- Tusom Location in Manipur, India Tusom Tusom (India)
- Coordinates: 25°25′15″N 94°34′38″E﻿ / ﻿25.42083°N 94.57722°E
- Country: India
- State: Manipur
- District: Ukhrul

Population
- • Total: 2,250

Languages
- • Official: Tangkhul (Tusom Tui)
- Time zone: UTC+5:30 (IST)
- PIN: 795142
- Vehicle registration: MN
- Nearest city: Ukhrul Kohima
- Literacy: 90.94%
- Lok Sabha constituency: Outer Manipur
- Vidhan Sabha constituency: Jessami
- Website: manipur.gov.in

= Tusom =

Tusom is a generic reference to two villages located north of Ukhrul in Ukhrul district, Manipur state, India. The villages are Tusom Khullen or New Tusom and Tusom CV. The villages are partially connected by National Highway 150, Imphal-Kohima road via Jessami. Tusom is 120 km away from Ukhrul and about 5 km away from Indo-Myanmar border pillar number 130. Tusom is flanked by Kharasom in the west, Chingai in the south and Laivum village Myanmar in the east.

==Total population==
As per 2011 census, Tusom Khullen has 341 households with the total of 1608 people of which 811 are male and 797 are female. Of the total population, 225 were in the age group of 0–6 years. The average sex ratio of Tusom Khullen village is 983 female to 1000 male which is lower than the state average of 985. The literacy rate of the village stands at 90.66%.

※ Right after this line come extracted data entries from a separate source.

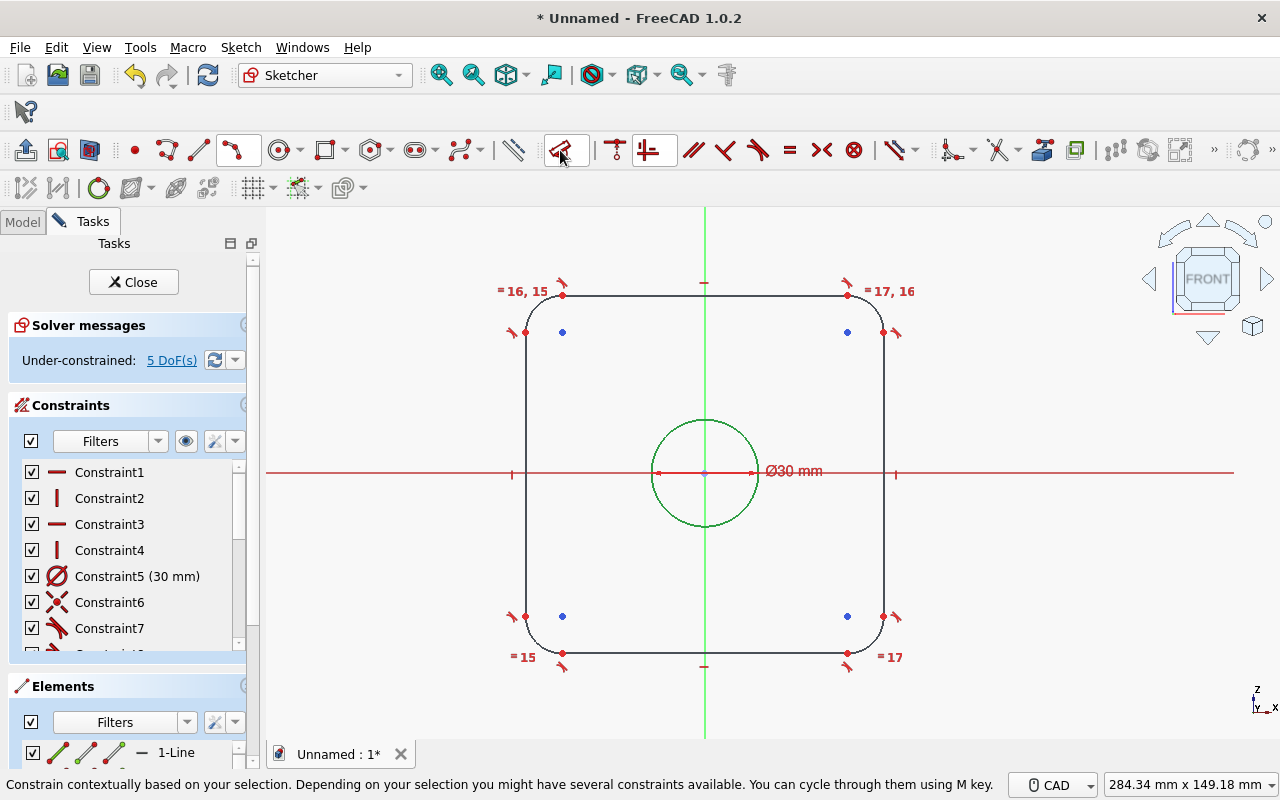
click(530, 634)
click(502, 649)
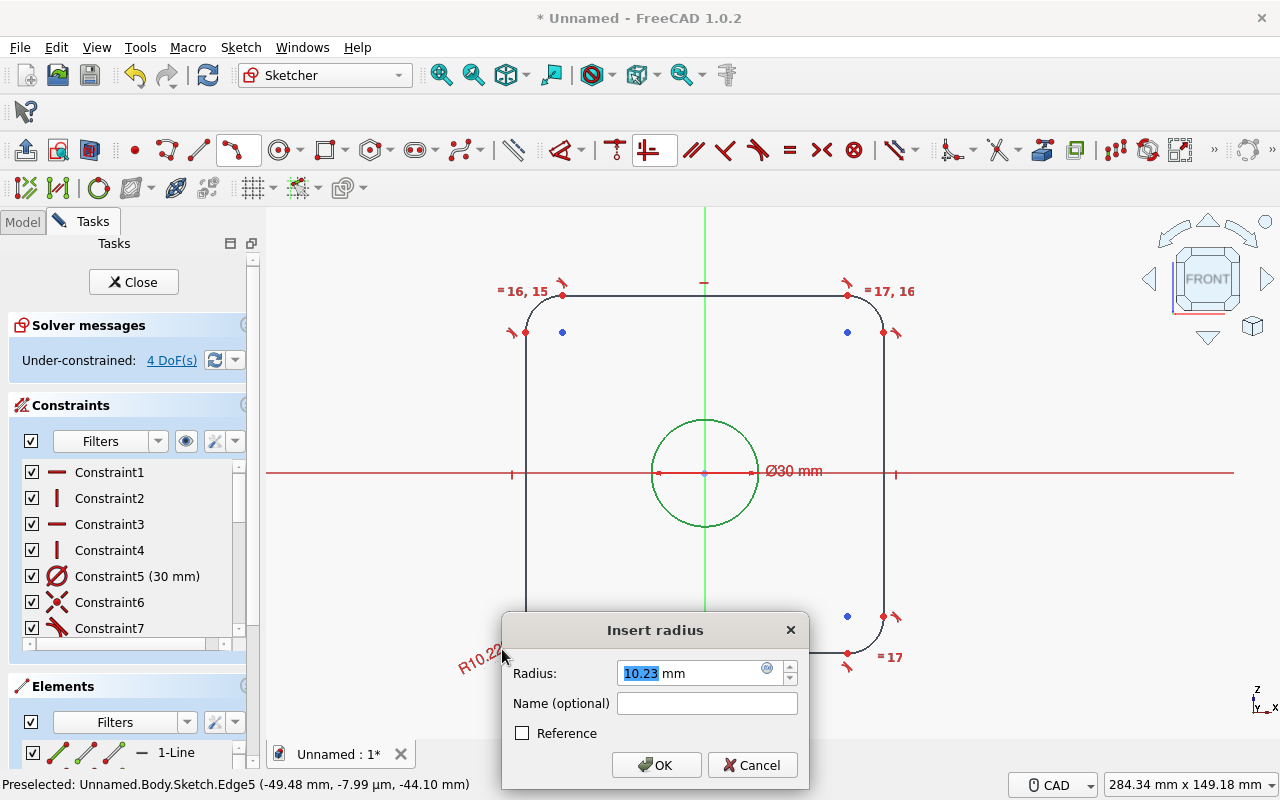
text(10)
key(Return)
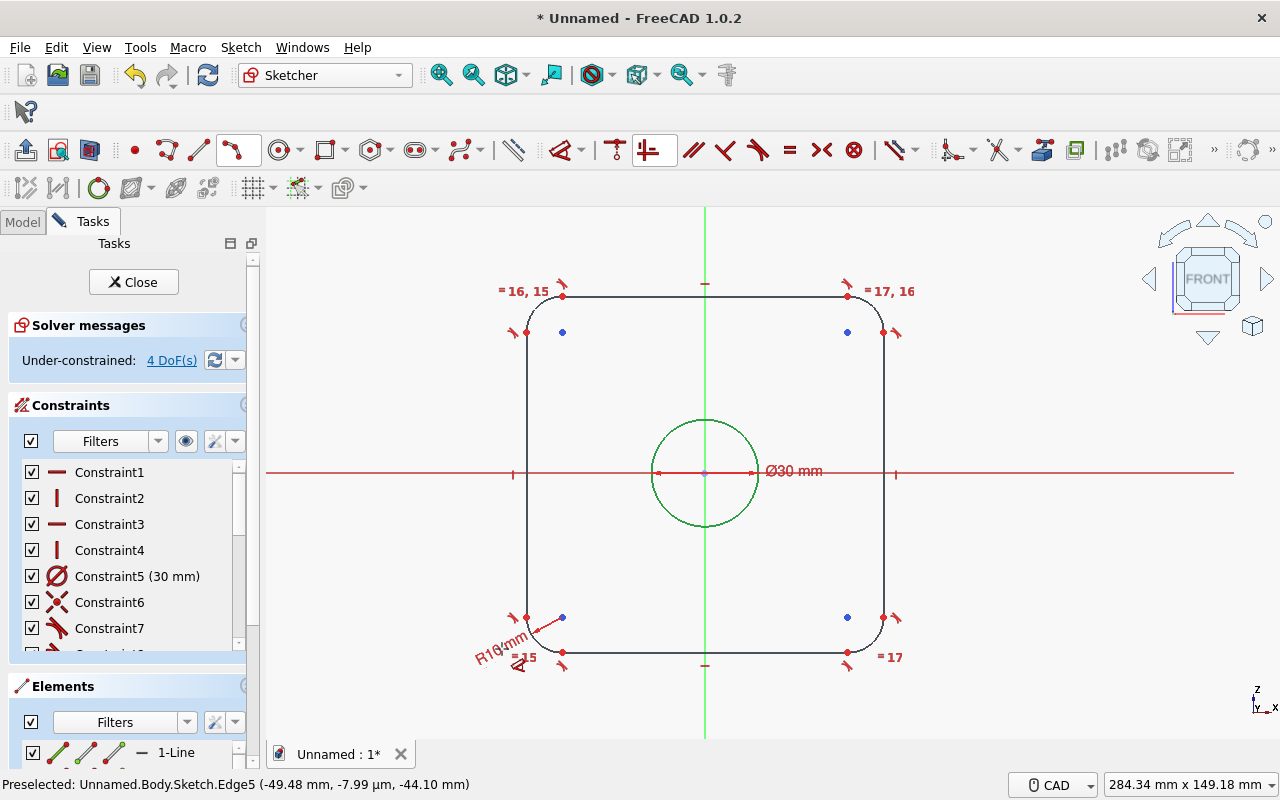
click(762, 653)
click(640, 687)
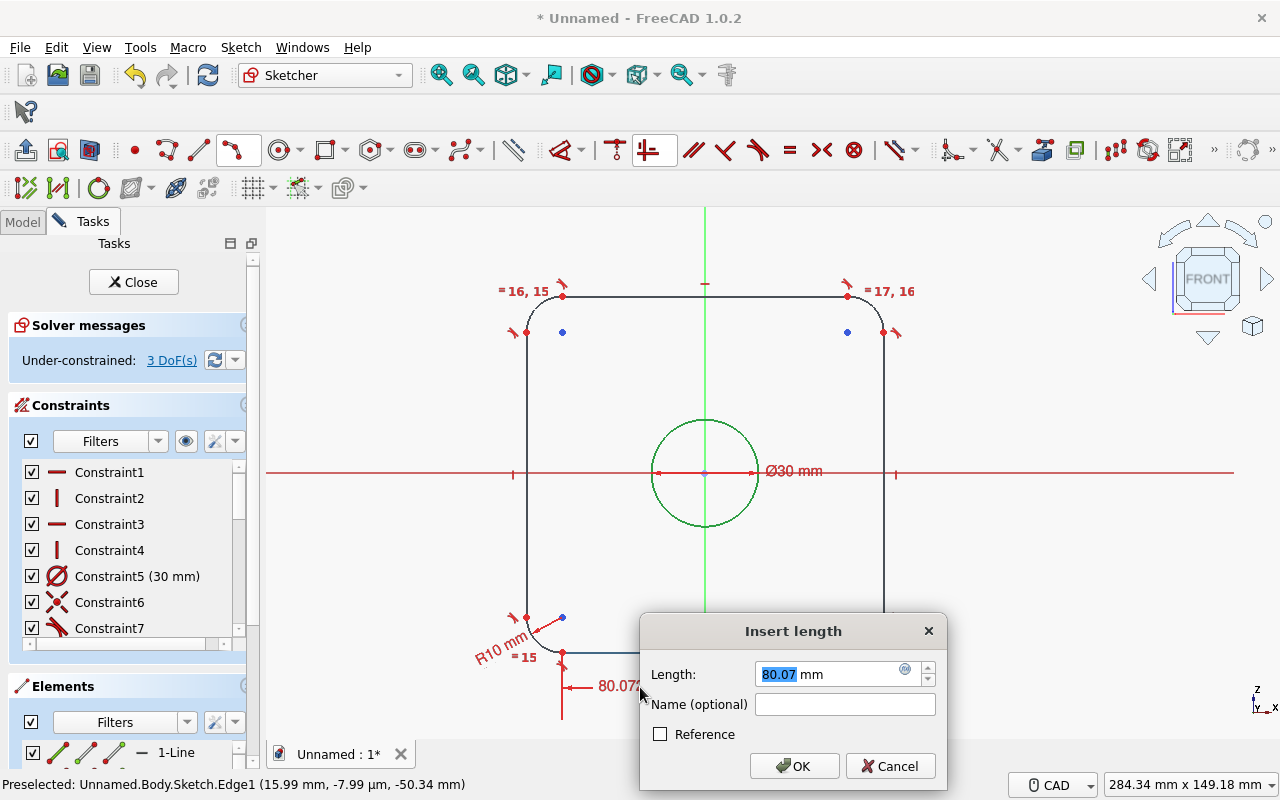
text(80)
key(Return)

As per 2011 census, Tusom CV has 134 households with the total of 642 people of which 330 are male and 312 are female. Of the total population, 112 were in the age group of 0–6 years. The average sex ratio of Tusom Khullen village is 945 female to 1000 male which is lower than the state average of 985. The literacy rate of the village stands at 93.02%.

== Demographics ==
The village is home to people of Tangkhul Naga tribe. Majority of the inhabitants are Christians. Agriculture is the primary occupation of the inhabitants. The village was recently in news because of volcano eruption at New Tusom village and chopper like object crash in the vicinity of the village.